For a very simple convolutional network, the dimension of the output vector is the size of z-dimensions.

def contrastive_loss(pred1,pred2,target) :
    MARGIN = 2
    euclidean_dis = F.pairwise_distance(pred1,pred2)
    target = target.view(-1)
    loss = (1-target)*torch.pow(euclidean_dis,2) + target * torch.pow(torch.clamp(MARGIN-euclidean_dis,min=0),2)
    return loss
Copy the code

Then a loss function calculation of Contrastive loss is constructed.

4 training

model = siamese(z_dimensions=8).to(device)
# model.load_state_dict(torch.load('.. /working/saimese.pth'))
optimizor = torch.optim.Adam(model.parameters(),lr=0.001)
Copy the code
for e in range(10):
    history = []
    for idx,(img1,img2,target) in enumerate(train_dataloader):
        img1 = img1.to(device)
        img2 = img2.to(device)
        target = target.to(device)
        
        pred1 = model(img1)
        pred2 = model(img2)
        loss = contrastive_loss(pred1,pred2,target)

        optimizor.zero_grad()
        loss.backward()
        optimizor.step()
        
        loss = loss.detach().cpu().numpy()
        history.append(loss)
        train_loss = np.mean(history)
    history = []
    with torch.no_grad():
        for idx,(img1,img2,target) in enumerate(val_dataloader):
            img1 = img1.to(device)
            img2 = img2.to(device)
            target = target.to(device)

            pred1 = model(img1)
            pred2 = model(img2)
            loss = contrastive_loss(pred1,pred2,target)

            loss = loss.detach().cpu().numpy()
            history.append(loss)
            val_loss = np.mean(history)
    print(f'train_loss:{train_loss},val_loss:{val_loss}')
Copy the code

Here, in order to speed up the training, I increased batch-size to 128, and other items remain unchanged:

This is the result of running 10 epochs, don’t forget to save the model:

torch.save(model.state_dict(),'saimese.pth')
Copy the code

It looks something like this.
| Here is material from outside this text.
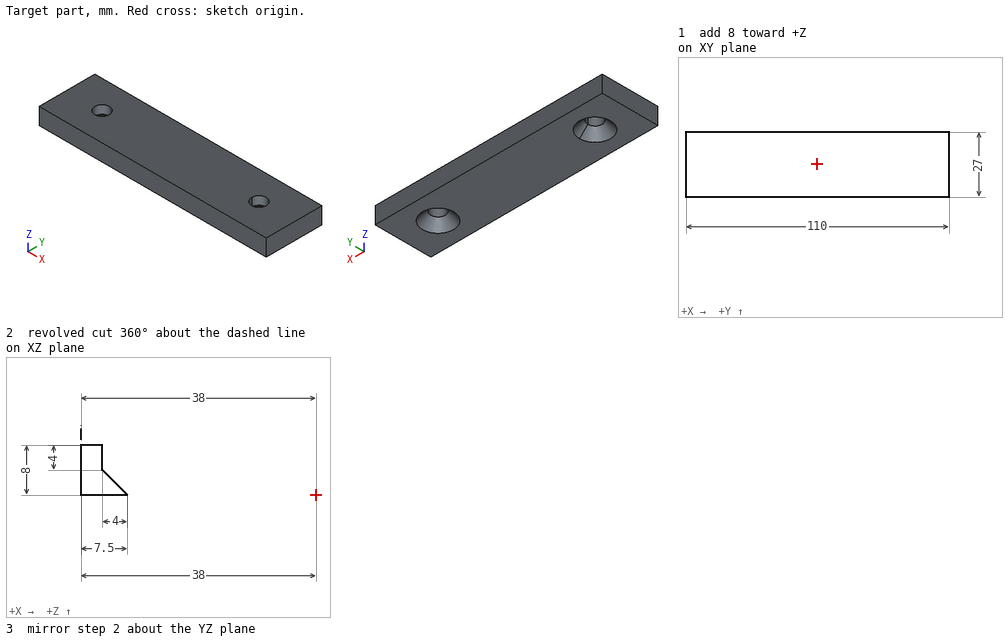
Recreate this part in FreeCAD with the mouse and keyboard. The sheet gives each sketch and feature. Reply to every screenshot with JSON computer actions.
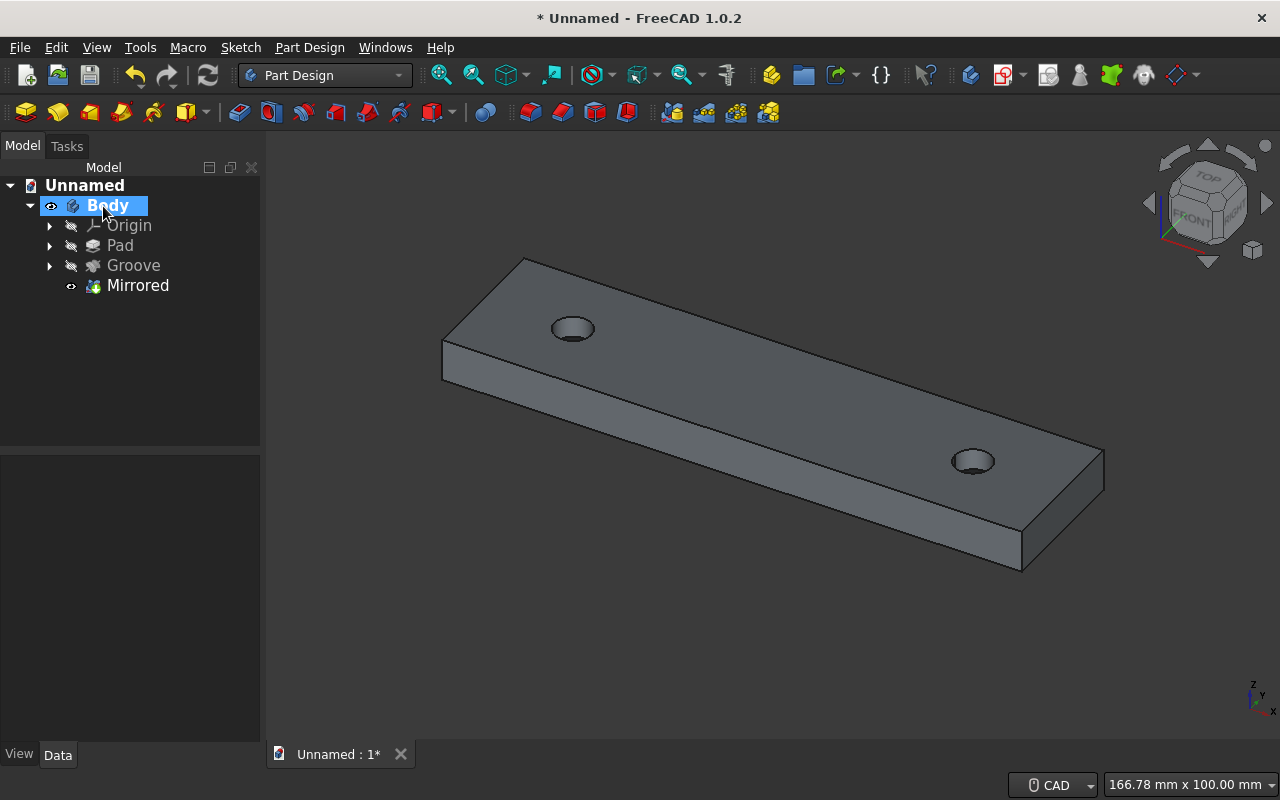
{"action": "key", "text": "0"}

Then take a look at the visualization of the validation set, using the T-SNE high-order feature visualization method, the kernel of which is PCA dimensionality reduction:

from sklearn import manifold
"X" is characteristic, excluding target; X_tsne is the feature that has been reduced in dimension.
tsne = manifold.TSNE(n_components=2, init='pca', random_state=501)
X_tsne = tsne.fit_transform(X)
print("Org data dimension is {}. \ Embedded data dimension is {}".format(X.shape[-1], X_tsne.shape[-1]))
      
x_min, x_max = X_tsne.min(0), X_tsne.max(0)
X_norm = (X_tsne - x_min) / (x_max - x_min)  # normalization
plt.figure(figsize=(8.8))
for i in range(10):
    plt.scatter(X_norm[y==i][:,0],X_norm[y==i][:,1],alpha=0.3,label=f'{i}')
plt.legend()
Copy the code

Input image is:

It can be seen that the division between different categories is better, you can see the distance between different categories is relatively large, more obvious, and even put down the name of the public number. The implicit variable used here is 8.
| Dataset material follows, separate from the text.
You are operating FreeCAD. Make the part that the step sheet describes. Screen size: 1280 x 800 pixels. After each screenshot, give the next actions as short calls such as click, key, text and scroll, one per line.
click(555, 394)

There is a problem, my heart has the answer I don’t know how to everyone’s way of thinking, if I put z latent variable dimension to 2 directly, so you don’t need to use tsne and pca method to reduce the dimension can direct visualization, but so that the visual effect is not better than from 8 d to 2 to the visual effect is good, is this why?
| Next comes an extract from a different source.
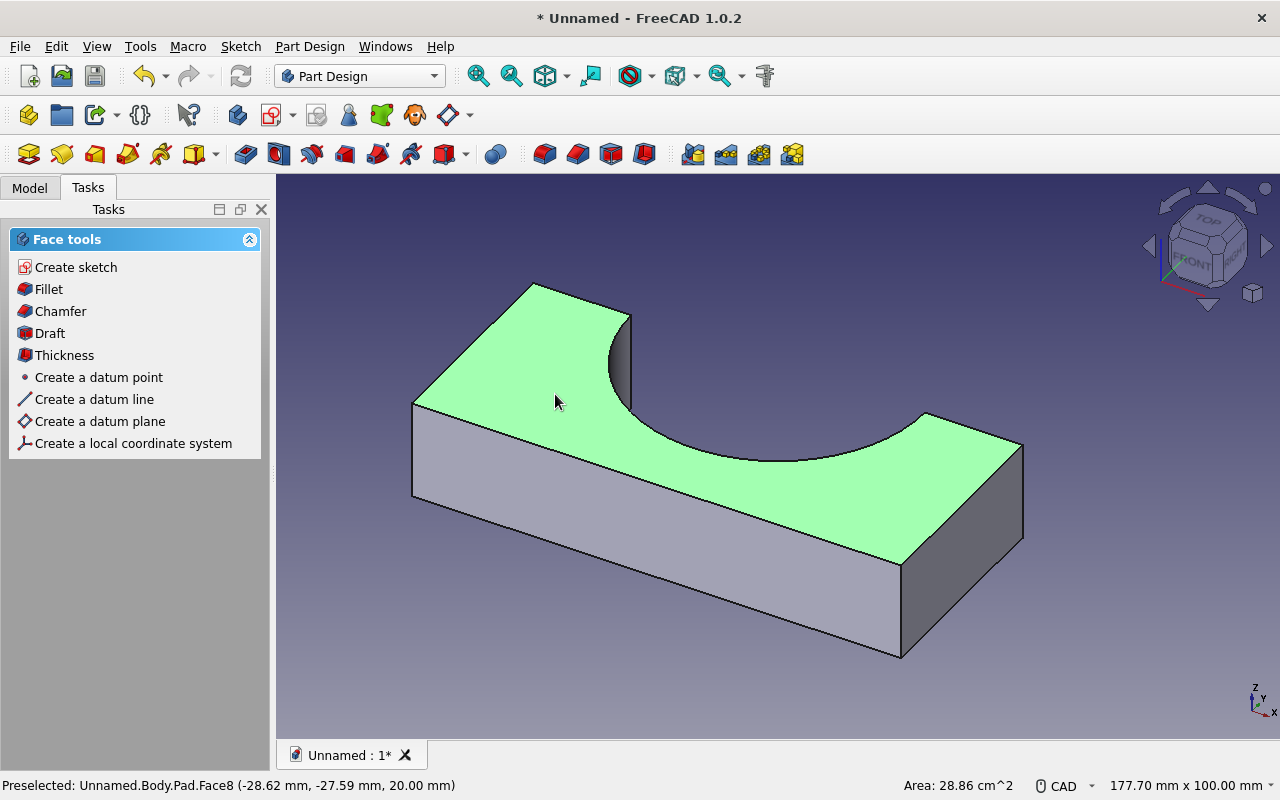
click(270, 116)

Tips: On the one hand, too small dimension leads to information loss, but this explanation is untenable, because PCA is actually equivalent to a degenerate linear layer, so PCA will also cause such loss. In my opinion, the key should be the calculation of Euclidean distance in the loss function. If the dimension is high, the Euclidean distance will be larger, so the value of MARGIN needs to be adjusted accordingly.